Close to leaving the RAF (1982), I went for an Interview. When I was asked what type of equipment I was currently working on, I answered "Mainly valve." Once he picked himself up off the floor (not literally), he began winding down the interview, especially as I had little knowledge of specific IC's!

It was only getting a job System Testing a Radar system that was replacing the system I used to install that I finally accepted my RAF knowledge and experience had finally paid off.


----------



## Manchester

For myself, years of study and sea time were about as much use as a used bus ticket.
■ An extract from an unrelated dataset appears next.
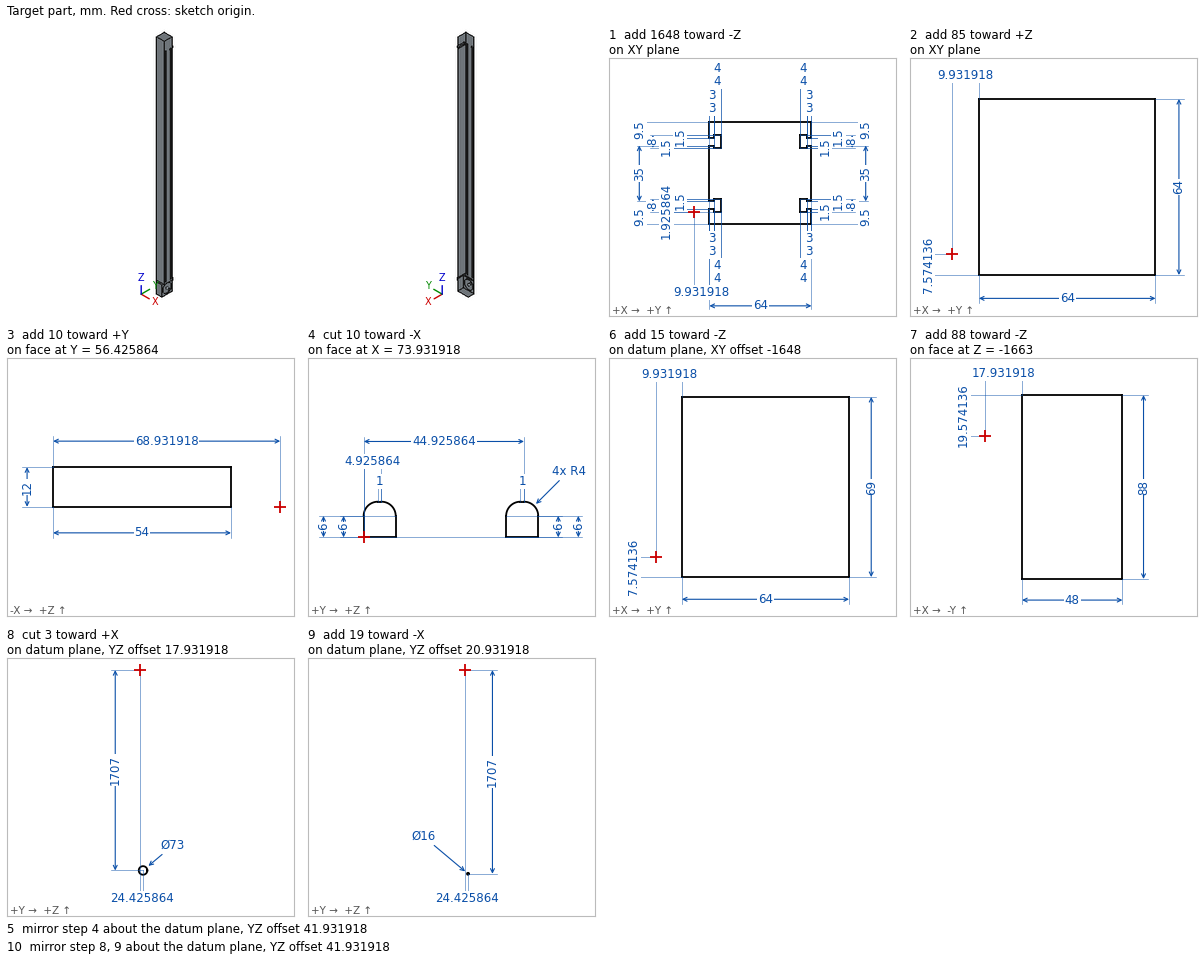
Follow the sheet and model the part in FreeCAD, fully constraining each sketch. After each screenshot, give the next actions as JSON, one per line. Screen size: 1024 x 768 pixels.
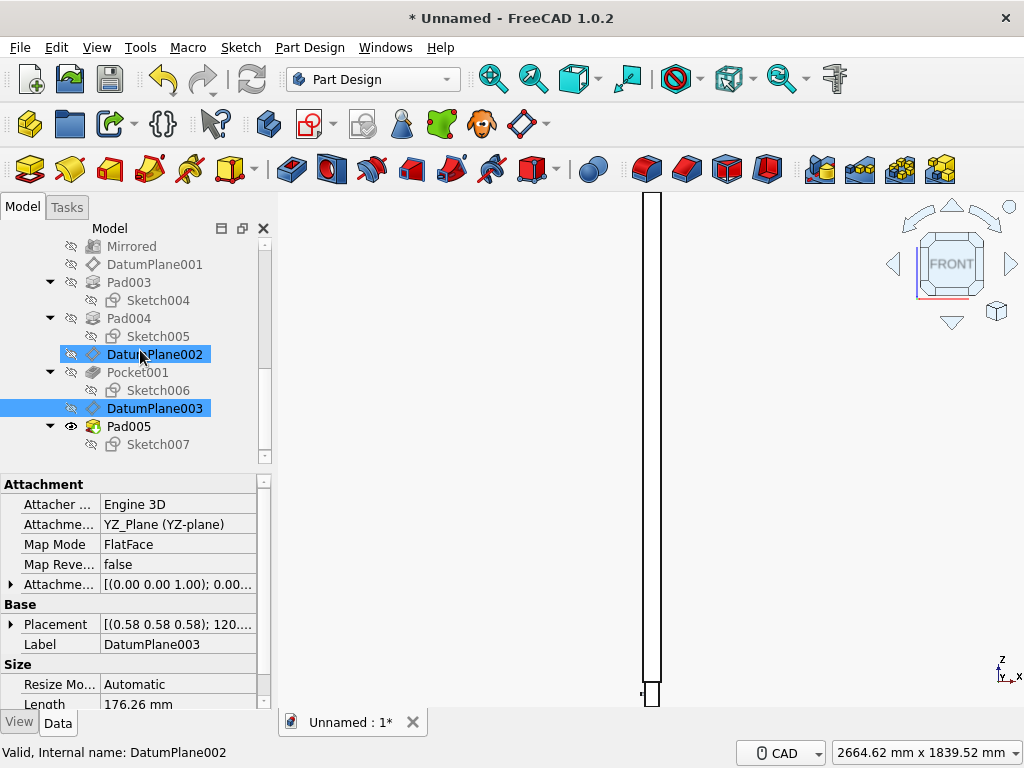
{"action": "scroll", "coordinate": [140, 350], "scroll_direction": "up", "scroll_amount": 15}

Having got my mickey mouse HNC in "Mechatronics" which was so easy compared to my seagoing qualifications, not one employer asked to see it!! Just checked my original discharge book and all qualifications are listed in it, so no fiddling there! 

So what's wrong with shoreside. Life is too easy.


----------



## jaydeeare

Manchester said:


> ......., not one employer asked to see it!!


After an Interview some years ago, when the Interviewer ended the Interview, I was surprised that he did not ask to see my Certificates and Qualifications that I had brought.

His response was something like, "Would you be doing the job you're doing now if you did not have the necessary Qualifications and experience?"

My obvious answer was, "No. Of course not."

When I asked him if he needed a list of Referees, he declined saying, "Would you give me a list of people who would say you were rubbish at your job?"

Again, I said "No."

He replied, "So why give them to me?"

A few days later, a big fat envelope fell through the letterbox. I'd got the job. Much to my surprise.

The problems came soon after starting, but that's another story!


----------



## Leratty

Jaydeeare, interesting comments. I too always had the same opinion when interviewing, certainly in regards written references. Why would anyone proffer a reference if it said he was useless of dodgy after all? Should I be seriously looking at the candidate for the position I would ask at a 2nd interview if he had contact No's for references? Should he then appear reticent I would be concerned if he gave them to me 50-50 I would make contact as I feel you can with judicious questions gain more from a short conversation than ever from some blarney in writing.
Love to hear "but that's another story!" as reckon we all have some hilarious or not so ones as to jobs we took then regretted doing so. One I sat for a whole year with a small team on a remote site where literally nothing was done almost like a caretaker though we were meant to be installing some equipment which never arrived. The Co were surprised when I put in my resignation.


----------



## sparkie2182

I was part of an interview board years ago........we were looking for a pilot boat/survey boat deck hand who would be expected to eventually become coxwain.

Almost all the received C.V.'s seemed to be written by the same solicitor.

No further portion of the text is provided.